In this week’s episode of Monster Talk Eve Siebert discusses creationist claims that in the Old English epic poem Beowulf, Grendel and his mother were actually dinosaurs. Therefore, since Beowulf is a medieval hero, dinosaurs lived in the Middle Ages and Darwin is wrong, QED. Siebert has an article about this coming out in Skeptical Inquirer, and I am eager to read it.
As far as I can see, the creationist redefinition of Beowulf’s monster has been making the rounds for the better part of the last decade. The earliest reference I could find was from 1999, but there may be earlier ones. (There is a creationist book on dinosaurs from 1993 that creationist home school guides recommend for understanding Beowulf, but I haven’t read it.) I think it’s fairly obvious that the creature and his mother, which are never clearly described in the poem (we know only that they had hands and feet and could cry out loudly), are not dinosaurs, especially since the Old English poet was careful to distinguish between Grendel and his mother—both alike in form—and a dragon, which, theoretically at least, should be much close in form to a dinosaur. If Grendel and his mother are not dragons, then they are not likely dinosaurs either. Grendel has a “shoulder” in which he is wounded; I’m not sure I know of any dinosaurs with shoulders.

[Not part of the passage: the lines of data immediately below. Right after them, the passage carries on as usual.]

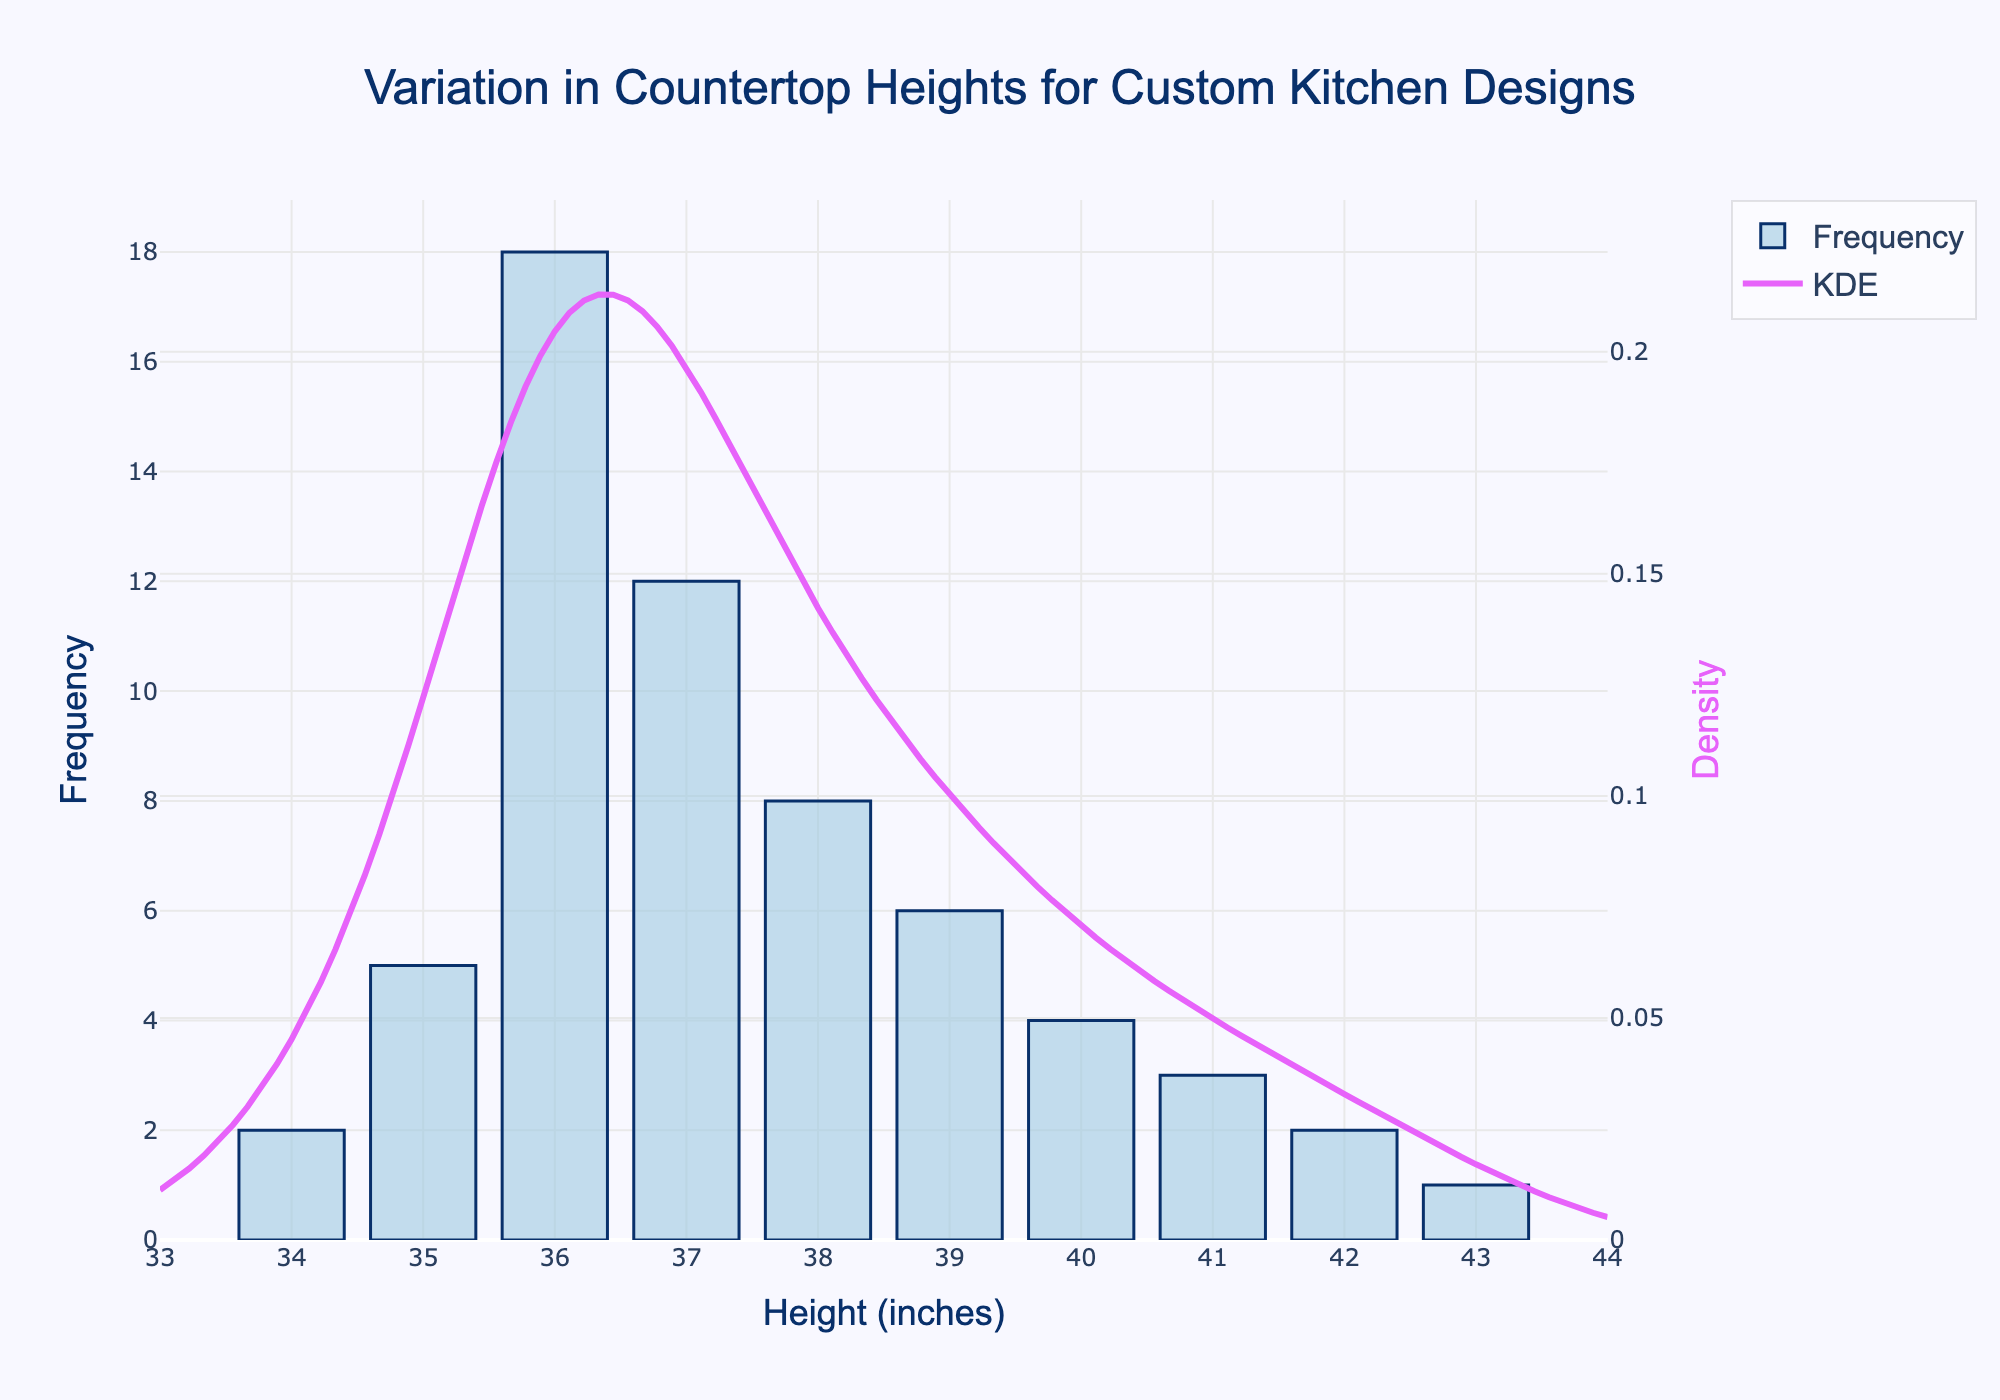What is the title of the plot? The title is positioned at the top center of the plot and reads: "Variation in Countertop Heights for Custom Kitchen Designs".
Answer: Variation in Countertop Heights for Custom Kitchen Designs What does the X-axis represent? The X-axis label is "Height (inches)," which indicates it represents the different heights of countertops in inches.
Answer: Height (inches) How many countertop heights have a frequency of more than 10? By scanning the histogram bars, frequencies of more than 10 are observed for heights of 36 inches (18) and 37 inches (12).
Answer: 2 Between which heights does the density curve (KDE) peak? The KDE curve peaks between the heights of 36 inches and 37 inches, which corresponds to the highest frequencies observed in the histogram.
Answer: 36 and 37 inches What is the most frequent countertop height? The highest bar in the histogram indicates the most frequent countertop height is 36 inches with a frequency of 18.
Answer: 36 inches How does the density of countertop heights change as height increases? Observing the KDE curve, it starts high at 36 inches, peaks around 37 inches, and then gradually decreases as the height increases beyond 37 inches.
Answer: Decreases after peaking What is the frequency of the tallest countertop height recorded? From the histogram, the tallest height recorded is 43 inches, and its frequency is 1.
Answer: 1 Compare the frequencies of countertop heights at 38 inches and 39 inches. Which one is more frequent? The bar corresponding to 38 inches has a frequency of 8, while the bar for 39 inches has a frequency of 6, indicating 38 inches is more frequent.
Answer: 38 inches Which countertop heights have a frequency of exactly 2? By analyzing the histogram, the countertop heights of 34 inches and 42 inches each have a frequency of 2.
Answer: 34 inches and 42 inches What can you infer about the ergonomic considerations based on the KDE curve? The high peak around 36-37 inches indicates most countertops are designed within this range, likely for optimal ergonomic convenience, as it represents the common countertop height for comfortable use.
Answer: 36-37 inches optimal for ergonomics

His mother is described as a woman with the form of a demon, again not quite a dinosaur. (Creationists rationalize these descriptions as discussing bipedal, carnivorous dinosaurs, shoulders be damned.)
But listen to this. One creationist, Bill Cooper, who claims to have originated the claim, explains why we should accept Beowulf as a literal record of the past. This is very important:
Let’s think about that one. William Shakespeare wrote Macbeth, a play about an ostensibly historical figure (there really was a Macbeth), and he carefully recorded the relationships and genealogies of the various members of the Scottish aristocracy. The characters’ names can be verified, and we know Macbeth was Mac Bethad mac Findlaích, King of Scots (reigned 1040-1057), who did in fact become king after killing Donnchad mac Crínáin, better known as Duncan I, King of Scots. The various genealogies of the characters are correct, so according to the creationist criteria, we must therefore be justified in assuming the reality of the Weird Sisters and their psychic predictions of Macbeth’s future. Because, after all, if the names are correct, then so too must be the story, including the supernatural details.

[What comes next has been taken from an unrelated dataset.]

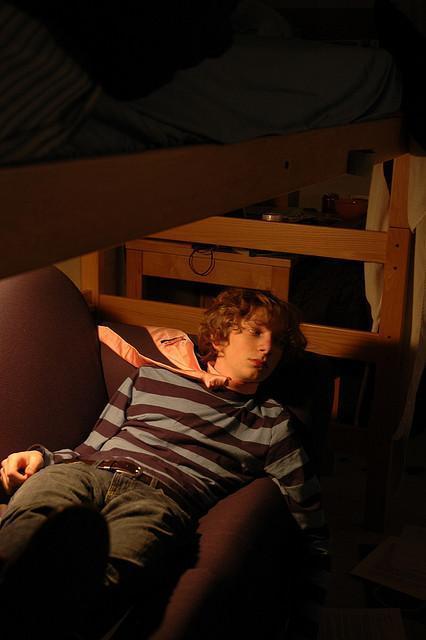How many boys are there?
Give a very brief answer. 1.

Of course, this isn’t the case. Shakespeare concocted the plot of Macbeth from Holinshed’s Chronicles, which featured several separate stories that the Bard wove together. The outlines of Macbeth’s reign derive from the king’s history, but the witches come from a completely separate story. In that tale, the wife of a fellow named Donwald pressures him to kill King Duff after the king kills Donwald’s family in retribution for consorting with witches. These witches, however, did not predict the future but rather were accused of using spells to sicken the king.
If Shakespeare could weave together historical facts, legends, and outright fiction, there is no particular reason for assuming that the poet of Beowulf could not have done so as well. The existence of a fact or a series of facts is no indication that everything in the story is therefore factual. But creationists must support the position that genealogies are a reliable guide to history, because if this were not so, then biblical genealogies would be called into question, and with them any reason for believing the earth was created on October 23, 4004 BCE.